John Muir

John Muir

Conservationists will today celebrate the birth-date of the mountaineer and founder of the national park movement.

The Big Picnic will launch a season of events to commemorate the birth of John Muir, the Scottish-born defender of wilderness areas who was instrumental in the establishment of America’s national parks. Muir, who was born on 21 April 1838, emigrated to the USA at the age of 11.

The John Muir Odyssey starts today at the Dunbar home of the John Muir Birthplace Trust. Other events in the programme include the Great Scots Walking Festival, following in the footsteps of not just Muir, but Sir Walter Scott and Robert Louis Stephenson.

Muir settled in California where he worked a series of odd jobs while pursuing his real passion: studying the natural wonders of the Yosemite Valley.

He went on to find fame as a botanist, geologist, mountaineer, ecologist and writer. During his explorations of the High Sierra and Alaska, Muir’s awareness of the threats to wild places grew and he successfully campaigned for the establishment of national parks to safeguard vast tracts of wild lands such as Yosemite Valley in California.

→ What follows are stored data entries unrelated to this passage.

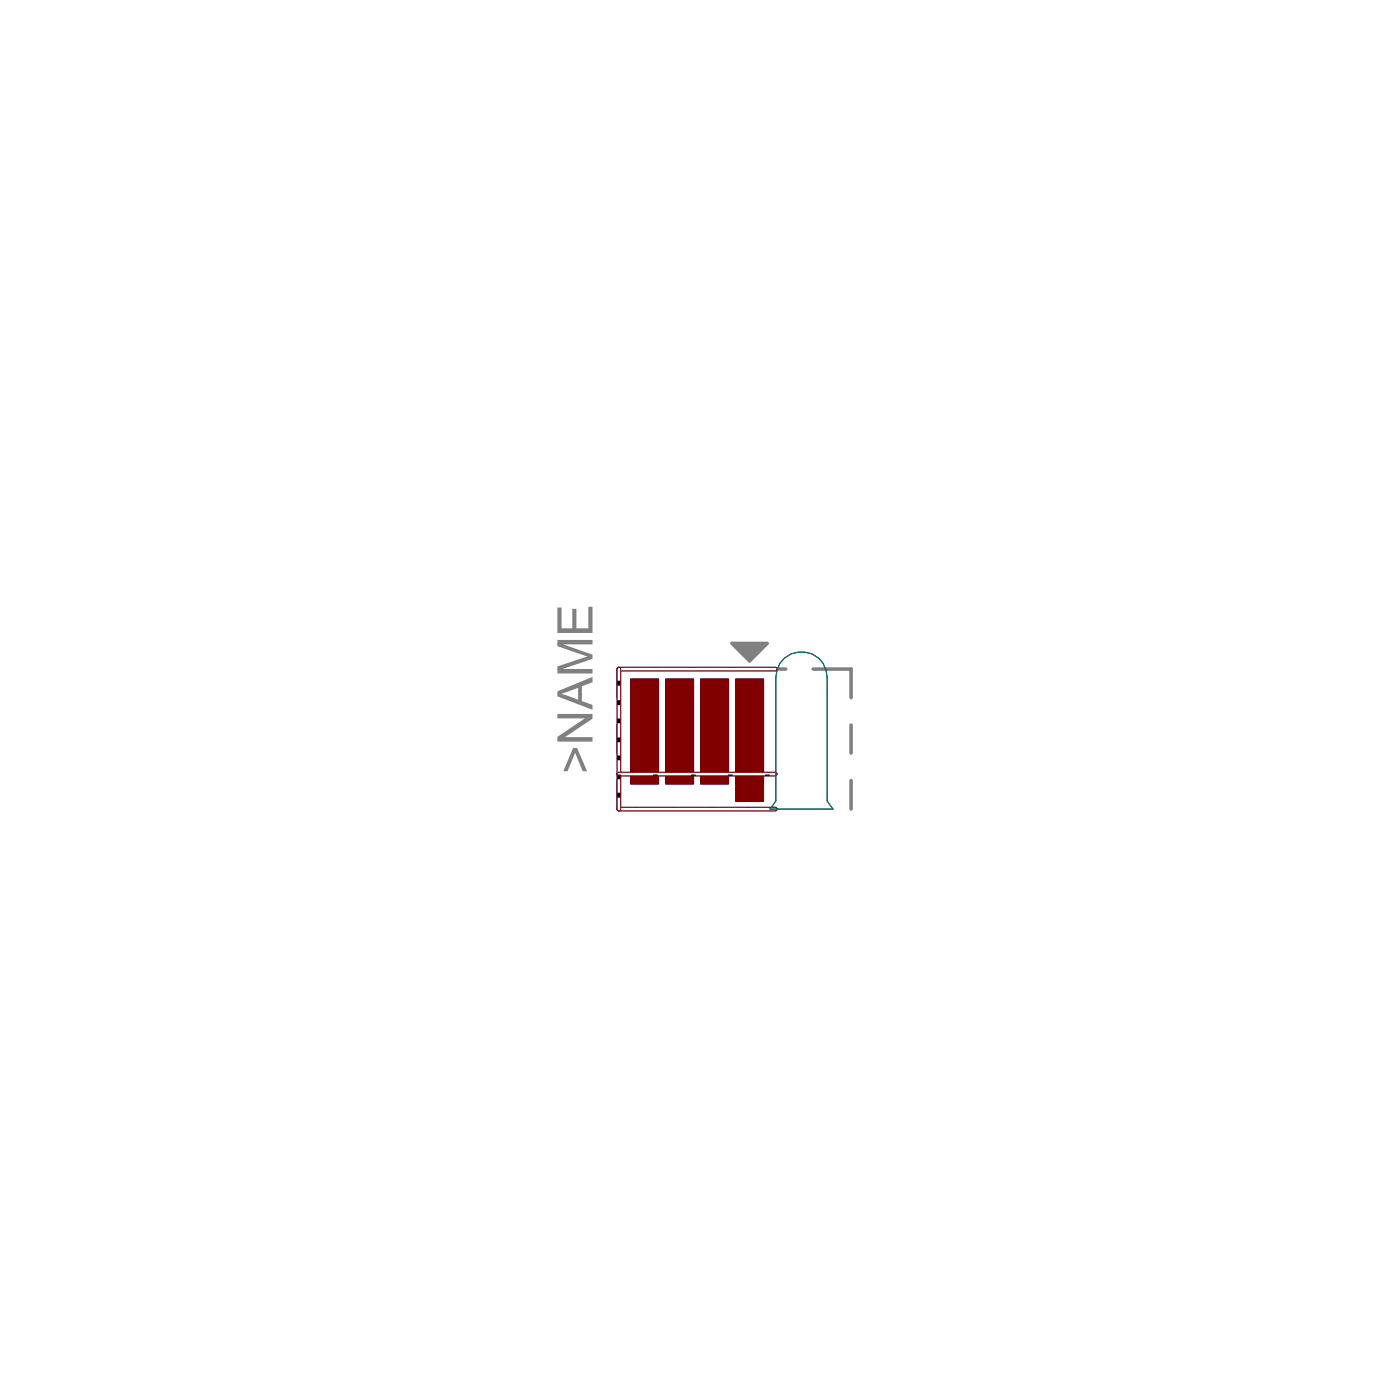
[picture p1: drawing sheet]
<svg xmlns="http://www.w3.org/2000/svg" width="51mm" height="51mm" viewBox="0 0 51 51" stroke-linecap="round" stroke-linejoin="round" font-family="sans-serif">
<defs><g id="words">
<text font-size="2" fill="#808080" x="21.5" y="28.1" transform="rotate(-90 21.5 28.1)">&gt;NAME</text>
</g></defs>
<g fill="none" stroke="#808080" stroke-width=".13">
<path d="M22.4 26.3v1M22.4 28.3v1.1M23.8 24.3h-1.4v1M24.8 24.3h1.4M26.6 23.3h1.2l-.6 .7zM26.6 23.4h1.1M26.7 23.5h1M26.8 23.6h.8M26.9 23.7h.6M27 23.8h.4M27.1 23.9h.2M27.2 24.3h1.3"/>
<path d="M29.5 24.3h1.4v1M30.9 26.3v1M30.9 28.3v1.1"/>
</g>
<g fill="#000080" stroke="#000080" stroke-width=".04">
<path d="M22.4 24.3l5.8-.1v.1h-5.8z"/>
<path d="M22.4 24.3h.1v3.9l-.1-.1z"/>
<path d="M22.4 28.1h.1v1.3h-.1z"/>
<path d="M22.4 29.3h5.8v.1h-5.8z"/>
<path d="M22.4 28.1l5.8-.1v.1l-5.8 .1z"/>
<path d="M26.7 24.6h1v3.8h-1z"/>
<path d="M25.4 24.6h1v3.8h-1z"/>
<path d="M24.2 24.6h1v3.8h-1z"/>
<path d="M22.9 24.6h1v3.8h-1z"/>
</g>
<g fill="#800000" stroke="#800000" stroke-width=".04">
<path d="M26.7 24.6h1v4.5h-1z"/>
<path d="M25.4 24.6h1v3.8h-1z"/>
<path d="M24.2 24.6h1v3.8h-1z"/>
<path d="M22.9 24.6h1v3.8h-1z"/>
<path d="M22.4 24.3l5.8-.1v.1h-5.8z"/>
<path d="M22.4 29.3h5.8v.1h-5.8z"/>
<path d="M22.4 24.3h.1v3.9l-.1-.1z"/>
<path d="M22.4 28.1h.1v1.3h-.1z"/>
<path d="M22.4 28.1l5.8-.1v.1l-5.8 .1z"/>
</g>
<path d="M28.5 23.9a.93 .93 0 0 1 1-.2 .93 .93 0 0 1 .5 .9v4.5l.2 .3h-2.3l.3-.3v-4.5l.1-.5z" fill="none" stroke="#000" stroke-width=".04"/>
<path d="M28.5 23.9a.93 .93 0 0 1 1-.2 .93 .93 0 0 1 .5 .9v4.5l.2 .3h-2.3l.3-.3v-4.5l.1-.5z" fill="none" stroke="#008080" stroke-width=".04"/>
<use href="#words"/>
</svg>

He founded the Sierra Club and is widely regarded as a pioneer of the modern conservation movement.

Stuart Brooks, chief executive of the John Muir Trust, said: “John Muir’s lifelong work to share his love of the natural world has never been more relevant to us today.

“His appreciation of the beauty and significance of wild places remains fundamental to the protection of our fragile and ever more beleaguered world.”

Muir believed wildernesses were as essential to man’s wellbeing as food and water. He said: “Everyone needs beauty as well as bread, places to play in and pray in, where Nature may heal and cheer and give strength to body and soul alike.”

He was also a firm believer in what has become the fundamental of modern ecological thinking, that human activities have consequences beyond the immediate and obvious. “When we try to pick out anything by itself,” he said, “We find that it is bound fast by a thousand invisible cords that cannot be broken to everything in the universe.”

The JMT was formed in 1983 to campaign against threats to wild land and for wild places to be valued by society. The trust says it supports the Government’s ambitious to reduce carbon emission through energy efficiency measures and a mix of renewable technologies that includes wind power but that this can be done without allowing the development of poorly sited onshore wind developments in Scotland’s most environmentally sensitive areas.

The JMT owns much of Ben Nevis, Schiehallion, the Red Cuillin in Skye, Quinag and Sandwood Bay.

Details of some of the events can be found on the John Muir Birthplace Trust website.